Time out for a postmodern aside: Chicagowench CLAIMS that somewhere in this time period, she warned me that I was essentially knitting TWO baby blankets. I remember no such warning. No such warning at all. Perhaps I could not hear her over my own Lost-in-Space flailing and shouting of DANGER! DANGER! DANGER! in her direction, because she was plotting something made entirely of crazy for her contribution to this child's early life. End of postmodern aside.

The most baffling thing to me about this whole double-knitting exercise at the gamma-irradiated swatch stage were these two parts of the pattern instructions:

"When working with two colors, double-knit, you must always move both yarns together. That is, both yarns should either be in front or in back of the work, never one in front and one in back."
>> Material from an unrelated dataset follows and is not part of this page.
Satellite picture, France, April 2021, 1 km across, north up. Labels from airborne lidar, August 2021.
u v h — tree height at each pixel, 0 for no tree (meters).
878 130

Check. Understood. But then:
"*K1 CC, sl 1 purlwise* across row to border.
Turn and work back the same *K1 CC, sl 1 purlwise*."
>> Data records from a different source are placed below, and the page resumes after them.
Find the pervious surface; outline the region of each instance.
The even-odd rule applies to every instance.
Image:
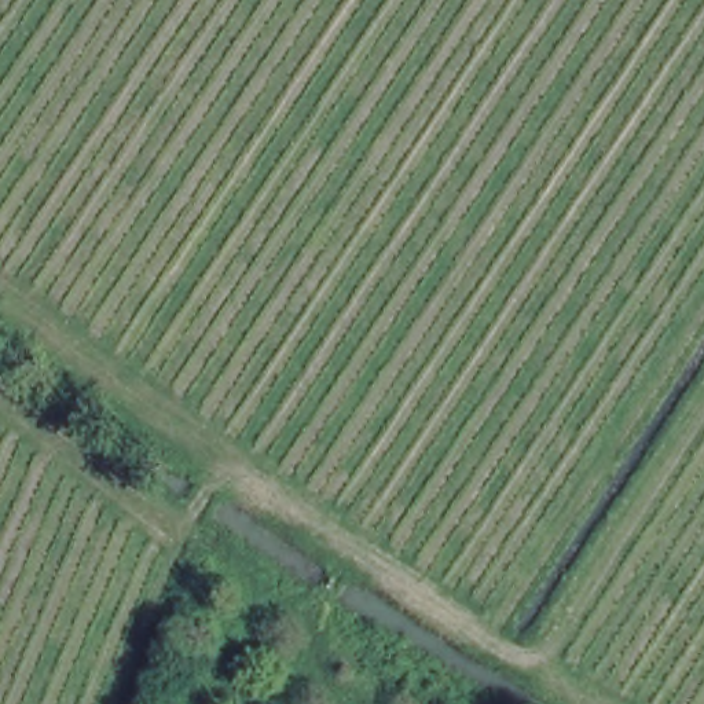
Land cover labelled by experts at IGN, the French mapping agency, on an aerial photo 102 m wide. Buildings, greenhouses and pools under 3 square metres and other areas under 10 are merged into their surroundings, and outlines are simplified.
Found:
[[[534,668],[542,660],[531,646],[517,646],[498,635],[484,630],[470,611],[457,605],[454,600],[446,600],[432,583],[415,580],[404,564],[393,561],[377,545],[369,545],[347,534],[333,514],[322,514],[316,506],[300,503],[289,487],[281,487],[272,479],[259,476],[245,462],[234,468],[234,481],[228,484],[239,495],[234,506],[256,520],[259,512],[270,512],[286,523],[308,528],[316,536],[325,536],[330,550],[349,558],[358,569],[369,572],[377,586],[393,594],[396,602],[404,602],[404,608],[435,622],[443,633],[454,638],[454,644],[465,641],[495,655],[509,666]]]

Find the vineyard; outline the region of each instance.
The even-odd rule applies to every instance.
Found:
[[[523,594],[528,591],[528,586],[539,578],[539,569],[550,561],[556,545],[569,545],[578,528],[591,514],[591,509],[597,506],[605,484],[627,459],[633,443],[641,437],[652,415],[657,413],[660,402],[679,380],[696,347],[704,341],[704,0],[0,0],[0,261],[3,270],[14,275],[14,283],[19,289],[30,289],[33,283],[41,286],[41,292],[58,300],[58,305],[63,305],[66,314],[77,314],[80,319],[85,319],[94,336],[105,336],[105,330],[127,325],[129,330],[116,344],[116,352],[127,352],[132,347],[140,363],[149,366],[160,382],[171,385],[176,393],[184,396],[182,404],[193,418],[201,415],[201,407],[206,413],[234,415],[226,429],[237,435],[237,448],[242,451],[245,462],[259,476],[272,479],[281,487],[289,487],[300,503],[316,506],[322,514],[333,514],[347,534],[369,545],[377,545],[393,561],[404,564],[415,580],[432,583],[446,600],[454,600],[457,605],[470,611],[484,630],[498,635],[503,622],[512,616]]]
[[[91,473],[88,465],[74,470],[69,462],[52,459],[47,468],[39,465],[39,437],[47,429],[25,418],[25,413],[17,404],[0,399],[0,704],[132,704],[138,693],[138,674],[149,663],[149,644],[160,635],[160,627],[168,616],[157,602],[179,558],[179,545],[157,547],[149,542],[151,536],[165,539],[160,523],[149,531],[132,528],[129,539],[118,534],[116,528],[124,520],[124,512],[113,501],[113,492],[121,484]]]
[[[652,503],[649,514],[627,539],[611,575],[605,578],[594,600],[586,605],[578,624],[569,630],[567,641],[556,655],[558,668],[567,679],[572,679],[583,693],[602,696],[613,704],[704,704],[704,426],[688,446],[682,462],[663,487],[660,498]]]

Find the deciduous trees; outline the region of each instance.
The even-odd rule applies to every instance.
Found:
[[[261,622],[259,649],[245,649],[245,655],[234,660],[237,674],[228,685],[223,704],[264,704],[270,696],[286,688],[289,677],[294,677],[297,671],[297,652],[308,646],[305,627],[294,627],[294,622],[286,613],[281,613],[278,622]]]
[[[3,314],[8,305],[8,294],[0,289],[0,380],[14,396],[30,396],[33,402],[41,402],[47,407],[55,385],[61,382],[61,374],[44,358],[50,347],[36,338],[36,333],[19,333],[19,325]]]
[[[160,627],[160,635],[149,644],[149,663],[138,674],[138,693],[132,704],[190,704],[190,696],[209,682],[220,649],[228,644],[220,627],[237,613],[245,613],[248,608],[220,580],[212,589],[209,608],[201,608],[190,597],[190,591],[182,591],[173,613],[168,616]]]
[[[173,473],[168,470],[168,465],[146,459],[146,451],[135,440],[135,432],[121,418],[107,415],[99,399],[77,399],[77,410],[69,415],[63,432],[69,437],[77,437],[83,457],[102,454],[113,462],[127,465],[132,481],[140,481],[146,473],[154,473],[165,484],[171,481]]]

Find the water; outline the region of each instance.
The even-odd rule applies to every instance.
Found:
[[[641,437],[633,443],[627,459],[605,484],[597,506],[591,509],[591,514],[578,528],[569,545],[517,624],[517,630],[523,633],[534,627],[542,608],[558,589],[561,578],[578,561],[589,536],[597,531],[613,501],[622,495],[633,473],[638,470],[641,459],[652,448],[655,437],[671,418],[674,407],[679,404],[679,399],[704,366],[704,341],[696,347],[679,380],[660,402],[657,413],[652,415]]]
[[[319,569],[292,545],[275,539],[272,534],[264,534],[256,520],[234,506],[220,506],[217,520],[226,528],[237,531],[248,545],[259,547],[272,561],[286,567],[300,580],[322,586],[327,580],[325,569]]]
[[[355,611],[360,619],[380,622],[382,627],[399,635],[407,635],[415,646],[421,646],[424,652],[429,652],[432,657],[437,657],[440,663],[473,679],[481,688],[509,685],[509,679],[459,655],[446,638],[432,635],[410,616],[382,602],[377,594],[366,589],[347,589],[344,605]]]

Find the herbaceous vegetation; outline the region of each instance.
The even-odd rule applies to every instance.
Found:
[[[627,539],[649,514],[652,503],[660,498],[663,487],[682,462],[688,446],[704,426],[704,366],[679,399],[679,404],[674,407],[671,418],[655,437],[652,448],[641,459],[638,470],[633,473],[622,495],[613,501],[597,531],[589,536],[578,561],[561,578],[558,589],[542,608],[534,627],[523,633],[517,630],[517,624],[569,545],[556,545],[550,561],[539,569],[539,578],[528,586],[528,591],[523,594],[512,616],[503,622],[498,635],[517,646],[531,646],[542,660],[534,668],[509,666],[495,655],[465,641],[454,644],[454,638],[443,633],[435,622],[404,608],[404,602],[396,602],[393,594],[377,586],[369,572],[358,569],[349,558],[330,550],[325,536],[316,536],[308,528],[286,523],[270,512],[259,512],[256,520],[264,534],[272,534],[275,539],[292,545],[319,569],[325,569],[327,580],[322,586],[300,580],[286,567],[272,561],[259,547],[248,545],[237,531],[226,528],[217,520],[220,506],[234,506],[239,495],[228,484],[234,481],[234,468],[245,462],[242,451],[237,448],[237,435],[226,429],[234,415],[206,413],[201,407],[201,415],[193,418],[182,404],[184,396],[176,393],[171,385],[160,382],[149,366],[140,363],[132,347],[127,352],[116,352],[116,344],[129,330],[127,325],[105,330],[105,336],[94,336],[85,319],[80,319],[77,314],[66,314],[63,305],[58,305],[58,300],[41,292],[41,286],[33,283],[30,289],[19,289],[14,283],[14,275],[3,270],[0,261],[0,289],[8,294],[8,305],[3,314],[19,325],[19,333],[36,333],[36,338],[50,347],[44,358],[61,374],[61,382],[55,385],[47,407],[41,402],[33,402],[30,396],[14,396],[0,380],[0,399],[17,404],[25,413],[25,418],[47,429],[39,437],[39,465],[47,468],[52,459],[69,462],[74,470],[88,465],[91,473],[121,484],[113,492],[113,501],[124,512],[124,520],[116,528],[118,534],[129,539],[132,528],[149,531],[160,523],[165,539],[151,536],[149,542],[157,547],[179,545],[179,558],[157,602],[168,616],[173,613],[182,591],[190,591],[190,597],[201,608],[209,608],[212,589],[220,580],[248,608],[245,613],[237,613],[220,627],[228,644],[220,649],[209,682],[190,696],[190,704],[223,704],[228,685],[237,674],[234,660],[245,655],[245,649],[259,649],[261,622],[278,622],[281,613],[286,613],[294,622],[294,627],[305,627],[308,646],[297,652],[297,671],[294,677],[289,677],[286,688],[270,696],[264,704],[613,704],[602,696],[583,693],[572,679],[567,679],[558,668],[556,655],[567,641],[569,630],[578,624],[586,605],[594,600],[605,578],[611,575]],[[69,437],[63,432],[69,415],[77,410],[77,399],[99,399],[107,415],[121,418],[135,432],[135,440],[146,451],[146,459],[168,465],[168,470],[173,473],[171,481],[165,484],[154,473],[146,473],[140,481],[132,481],[127,465],[113,462],[102,454],[83,457],[77,437]],[[360,619],[355,611],[344,605],[347,589],[366,589],[377,594],[382,602],[410,616],[432,635],[446,638],[459,655],[509,679],[509,685],[481,688],[473,679],[440,663],[437,657],[432,657],[429,652],[424,652],[421,646],[415,646],[407,635],[399,635],[382,627],[380,622]]]

Now, see above re: dumb cracker mind, but doesn't that mean that one lonely strand is moved aaaaaallll the way across the piece without being worked into it (because you're just slipping every other stitch, rather than doing anything with them). I pondered this for a while and was about to embark on something truly stupid until some uncharacteristically helpful spirit suggested I have a looksee at knittinghelp.com's video on double knitting, wherein I discovered that this slipping business is strictly for CHUMPS and SUCKERS, because you can just PURL those babies and not have any issues with sad, limp, and neglected strands of yarns. Rockstar.


From there, it was comparatively smooth sailing. Of course, it's just stockinette and garter stitch, which can be boring, but the contrasting colors and remembering to move the yarn back and forth correctly saved me from total boredom. I was also relieved to find that I could pretty easily fix any you-got-your-chocolate-in-my-peanut-butter errors when I moved the yarns improperly (usually just a matter of dropping and ducking stitches under the offending strand), although I did end up doing something monumentally stupid and more difficult to fix when I was trying to knit in the dark while volunteering at a Magnetic Fields concert at the Old Town School of Folk Music. (I do this all the time without fucking up much more difficult projects, so I'm going to blame the fact that I was ALSO trying to have a simultaneous conversation with another knitter about Firefly, Buffy, and the fact that Women & Children First has a monthly Buffy discussion, which I Did Not Know.)


The other difficulty I encountered with the project is that I am not nearly anal enough to responsibly handle a project that has 4 skeins of yarns going simultaneously (1 each for the body colors, plus 1 for each side of the border). When you add to my innate slovenliness to the fact that I knit the majority of this in the hospital during the ZK's month-long, life-threatening-illness-palooza, that is a metric assload of seriously tangled yarn under the bridge. My half-assed ways also led me to untangle just enough to make it through the row a lot of the time. This, in turn, led to some ugly-ass interfaces between the colored center and the borders. No problem, thought I! Wouldn't it be a nice little detail to have ACRES AND ACRES AND ACRES of applied I-Cord to mask that interface? ZOMG. It has been a while since knitting has brought me that close to seppuku. (But it does look really nice, if I do say so myself.) The other problem with the multi-skein nature is, of course, befuzzing. Before shipping off this baby, I shaved and lint-brushed it within an inch of its life, and STILL it has fuzzies, even if they are nanofuzzies that I can see.


Somewhere along the way, I did realize that red, cream, and blue ends up looking like the perfect blankie in which to swaddle your fresh batch of America baby, but by then I was so in love with the comedy gold of this blanket concept that I was happy to explain the premise with more zeal and commitment to the bit than wench's little man brought to his dragon-knight costume.

Just yesterday, I got my first picture of the bebe greatly enhancing the blanket's beauty. This was accompanied by a sly note from one parent noting that she clearly prefers the red side. Let the games begin!